* TASK
Please return the full listing exactly as written, with the images removed.

* SUPPLIED INFORMATION
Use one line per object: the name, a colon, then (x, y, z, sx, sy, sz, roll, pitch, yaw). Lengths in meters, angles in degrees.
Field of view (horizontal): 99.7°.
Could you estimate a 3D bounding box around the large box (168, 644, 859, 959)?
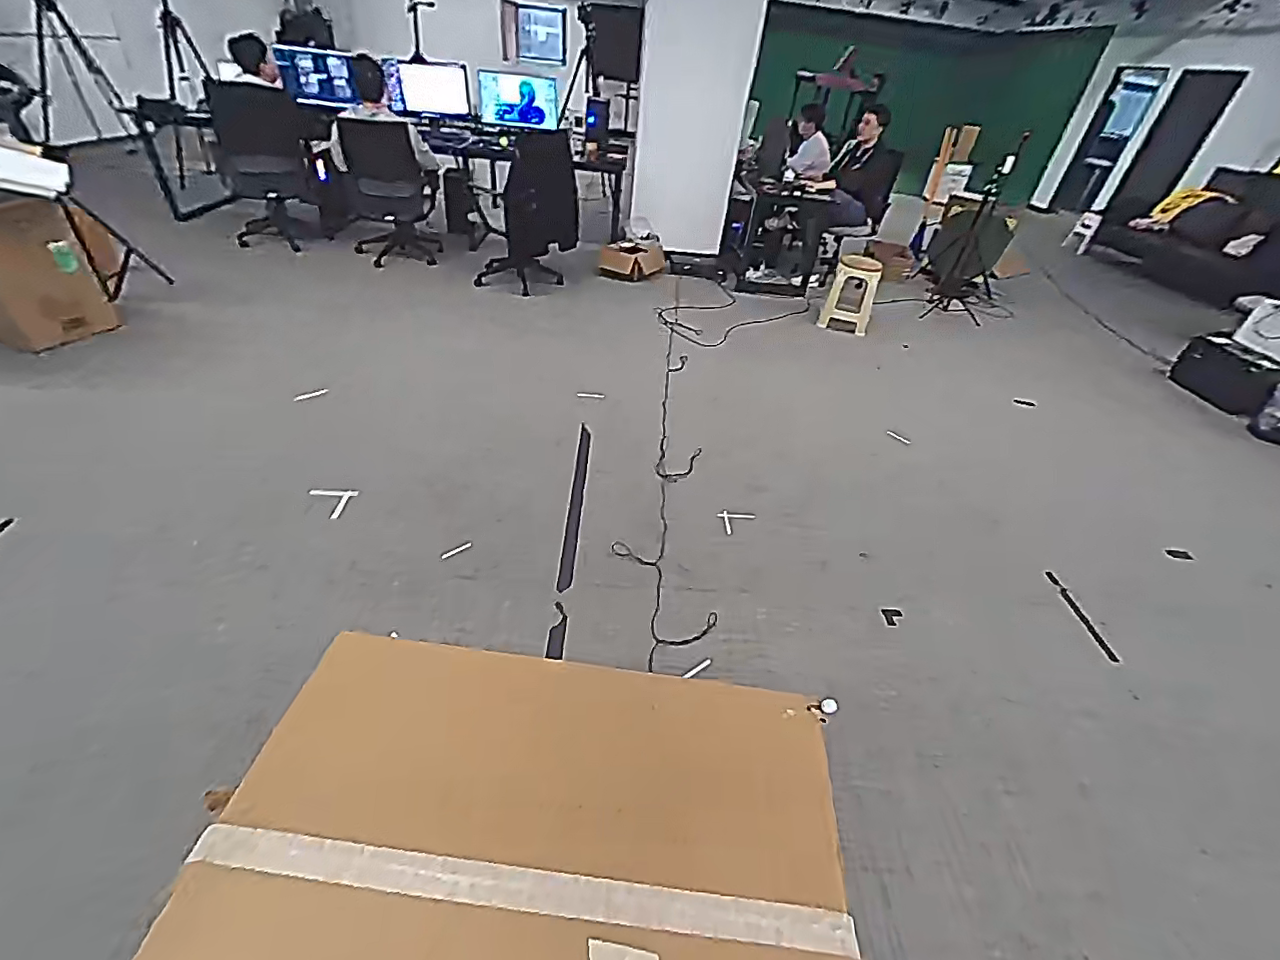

* EXERCISE SOLUTION
Use one line per object: the name, a colon, then (x, y, z, sx, sy, sz, roll, pitch, yaw). Lengths in meters, angles in degrees.
Field of view (horizontal): 99.7°.
Could you estimate a 3D bounding box around the large box (168, 644, 859, 959)?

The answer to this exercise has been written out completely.